Happy belated Thanksgiving!
I’m always relieved when the season’s first serious snowfall has yet to occur by the time Thanksgiving rolls around. As someone who grew up in North Tonawanda, New York, just ten miles from Buffalo, I tend to freeze in snow-readiness mode, beginning in mid-November and continuing until April.
I have vivid memories of Thanksgivings past when severe weather intervened to complicate my plans for the holiday: an entire night spent at O’Hare, trying in vain to fall asleep on the rock-hard floor; hours upon hours spent stranded on the snow-clogged highways between northern Indiana and western New York. The list goes on. But this year Thanksgiving is now in the rearview mirror, and as yet there have been no major snowstorms, at least in Columbus (of course the same can’t be said of Buffalo). I’m thankful for that. Knock on wood.
I have lots of other things to feel thankful for, too. In mid-2023, I couldn’t have predicted that Black Lyon Publishing would offer me a contract to publish my first book in August of this year. And I couldn’t have predicted the number of readers who would contact me to say how much they enjoyed reading That Beast Was Not Me.
I’m grateful for my many readers, especially the ones who took time out from their busy schedules to post a positive review on Amazon or Goodreads.
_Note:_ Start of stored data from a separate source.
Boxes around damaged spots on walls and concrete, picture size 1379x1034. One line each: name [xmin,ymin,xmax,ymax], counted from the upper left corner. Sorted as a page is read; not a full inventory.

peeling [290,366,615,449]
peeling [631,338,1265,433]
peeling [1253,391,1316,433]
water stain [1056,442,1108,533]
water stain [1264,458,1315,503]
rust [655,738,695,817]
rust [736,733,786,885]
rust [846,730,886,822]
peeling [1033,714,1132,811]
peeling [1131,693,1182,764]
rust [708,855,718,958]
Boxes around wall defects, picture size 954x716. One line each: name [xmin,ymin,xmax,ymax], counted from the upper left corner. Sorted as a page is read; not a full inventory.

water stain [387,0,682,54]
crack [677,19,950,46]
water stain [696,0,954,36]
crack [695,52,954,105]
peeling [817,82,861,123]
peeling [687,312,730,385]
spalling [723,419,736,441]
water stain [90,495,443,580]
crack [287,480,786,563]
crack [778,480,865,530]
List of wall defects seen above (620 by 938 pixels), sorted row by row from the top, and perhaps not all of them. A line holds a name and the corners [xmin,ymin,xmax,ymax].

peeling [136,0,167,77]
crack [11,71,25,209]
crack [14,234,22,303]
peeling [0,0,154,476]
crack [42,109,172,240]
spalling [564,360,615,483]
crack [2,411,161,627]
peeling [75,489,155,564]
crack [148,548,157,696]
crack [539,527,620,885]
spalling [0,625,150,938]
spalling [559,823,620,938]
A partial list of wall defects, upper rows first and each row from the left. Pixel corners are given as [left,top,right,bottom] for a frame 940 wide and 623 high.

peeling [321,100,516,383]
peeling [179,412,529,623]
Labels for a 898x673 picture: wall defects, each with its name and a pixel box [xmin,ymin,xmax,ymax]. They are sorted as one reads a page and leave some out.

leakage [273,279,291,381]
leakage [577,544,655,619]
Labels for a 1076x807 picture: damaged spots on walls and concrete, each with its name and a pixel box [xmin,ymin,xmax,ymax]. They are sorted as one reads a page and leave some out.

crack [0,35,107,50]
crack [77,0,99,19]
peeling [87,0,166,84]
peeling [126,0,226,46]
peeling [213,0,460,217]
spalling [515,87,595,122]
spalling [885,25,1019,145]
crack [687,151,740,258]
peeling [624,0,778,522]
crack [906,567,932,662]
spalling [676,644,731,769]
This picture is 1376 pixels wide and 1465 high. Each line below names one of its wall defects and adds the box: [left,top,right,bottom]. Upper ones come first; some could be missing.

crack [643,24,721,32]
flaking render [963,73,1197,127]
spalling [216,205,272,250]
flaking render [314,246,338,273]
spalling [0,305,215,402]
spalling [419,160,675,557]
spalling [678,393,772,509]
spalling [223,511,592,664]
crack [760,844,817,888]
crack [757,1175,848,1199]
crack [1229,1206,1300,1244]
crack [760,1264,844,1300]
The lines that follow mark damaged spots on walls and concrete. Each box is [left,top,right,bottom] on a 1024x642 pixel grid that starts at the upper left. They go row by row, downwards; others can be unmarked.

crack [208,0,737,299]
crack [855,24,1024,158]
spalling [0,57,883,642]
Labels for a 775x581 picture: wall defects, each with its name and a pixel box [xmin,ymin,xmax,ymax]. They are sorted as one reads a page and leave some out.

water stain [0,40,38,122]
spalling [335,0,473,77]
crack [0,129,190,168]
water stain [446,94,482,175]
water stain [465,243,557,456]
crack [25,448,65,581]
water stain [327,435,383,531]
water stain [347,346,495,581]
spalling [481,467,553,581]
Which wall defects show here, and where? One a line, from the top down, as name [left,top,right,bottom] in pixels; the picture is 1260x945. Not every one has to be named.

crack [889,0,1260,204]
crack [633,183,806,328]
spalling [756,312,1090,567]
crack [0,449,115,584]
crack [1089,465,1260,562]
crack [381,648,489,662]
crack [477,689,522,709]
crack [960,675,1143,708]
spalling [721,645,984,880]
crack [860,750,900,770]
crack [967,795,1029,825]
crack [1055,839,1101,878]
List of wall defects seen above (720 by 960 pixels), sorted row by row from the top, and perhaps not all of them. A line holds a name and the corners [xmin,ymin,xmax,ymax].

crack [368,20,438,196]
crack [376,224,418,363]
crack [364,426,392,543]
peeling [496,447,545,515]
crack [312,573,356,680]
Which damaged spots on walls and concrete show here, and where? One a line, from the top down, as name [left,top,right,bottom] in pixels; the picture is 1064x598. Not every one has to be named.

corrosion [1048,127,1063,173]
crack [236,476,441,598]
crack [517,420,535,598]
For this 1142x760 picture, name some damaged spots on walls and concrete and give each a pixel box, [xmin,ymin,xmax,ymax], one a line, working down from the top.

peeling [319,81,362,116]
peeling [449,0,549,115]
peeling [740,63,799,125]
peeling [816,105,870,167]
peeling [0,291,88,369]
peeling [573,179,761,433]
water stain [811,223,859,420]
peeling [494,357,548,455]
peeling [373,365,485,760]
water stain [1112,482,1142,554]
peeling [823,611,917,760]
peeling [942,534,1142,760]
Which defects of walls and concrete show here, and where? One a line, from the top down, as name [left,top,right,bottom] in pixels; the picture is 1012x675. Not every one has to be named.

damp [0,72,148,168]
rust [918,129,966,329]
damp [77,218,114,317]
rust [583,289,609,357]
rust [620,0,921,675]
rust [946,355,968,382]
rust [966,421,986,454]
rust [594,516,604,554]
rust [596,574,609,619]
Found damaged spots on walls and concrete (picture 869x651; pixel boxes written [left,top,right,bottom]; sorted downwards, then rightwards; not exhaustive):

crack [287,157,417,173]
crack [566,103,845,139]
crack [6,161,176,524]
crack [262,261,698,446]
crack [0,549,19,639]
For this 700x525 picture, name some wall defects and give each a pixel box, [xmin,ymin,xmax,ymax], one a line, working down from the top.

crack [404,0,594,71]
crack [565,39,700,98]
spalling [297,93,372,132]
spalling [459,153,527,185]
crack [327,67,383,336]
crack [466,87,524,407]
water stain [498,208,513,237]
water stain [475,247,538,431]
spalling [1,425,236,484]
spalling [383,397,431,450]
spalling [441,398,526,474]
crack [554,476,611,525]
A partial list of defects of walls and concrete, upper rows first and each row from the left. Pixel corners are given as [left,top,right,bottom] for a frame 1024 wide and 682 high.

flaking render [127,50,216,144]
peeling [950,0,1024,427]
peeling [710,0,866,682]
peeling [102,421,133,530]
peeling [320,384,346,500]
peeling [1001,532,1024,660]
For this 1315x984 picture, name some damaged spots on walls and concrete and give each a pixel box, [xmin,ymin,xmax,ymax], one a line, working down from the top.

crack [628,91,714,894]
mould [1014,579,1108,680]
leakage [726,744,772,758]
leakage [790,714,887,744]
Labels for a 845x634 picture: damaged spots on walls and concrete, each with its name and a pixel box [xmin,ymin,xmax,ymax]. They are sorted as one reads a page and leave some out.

Based on all the positive book-related things that have occurred during the past three months, I’m eager to find out what the new year will bring. Currently, I’m scheduled to appear as a guest on several true crime-related podcasts (I’ve appeared on four of those already); I have tentative plans to appear at a couple of upcoming book fairs; and I have a number of author appearances scheduled in the coming months.
Please check out my new “Free Chapter” promotion. You can take advantage of it by going to my website (www.jeffreysmalldon.com) and clicking on the “Free Chapter” button that appears on the masthead. All you need to do is click and sign up for my newsletter; then you’ll automatically be given access to the free chapter. This same promotion will also be added to the show notes for each of the podcasts where I’ve appeared as a guest. Here’s a link to the promotion.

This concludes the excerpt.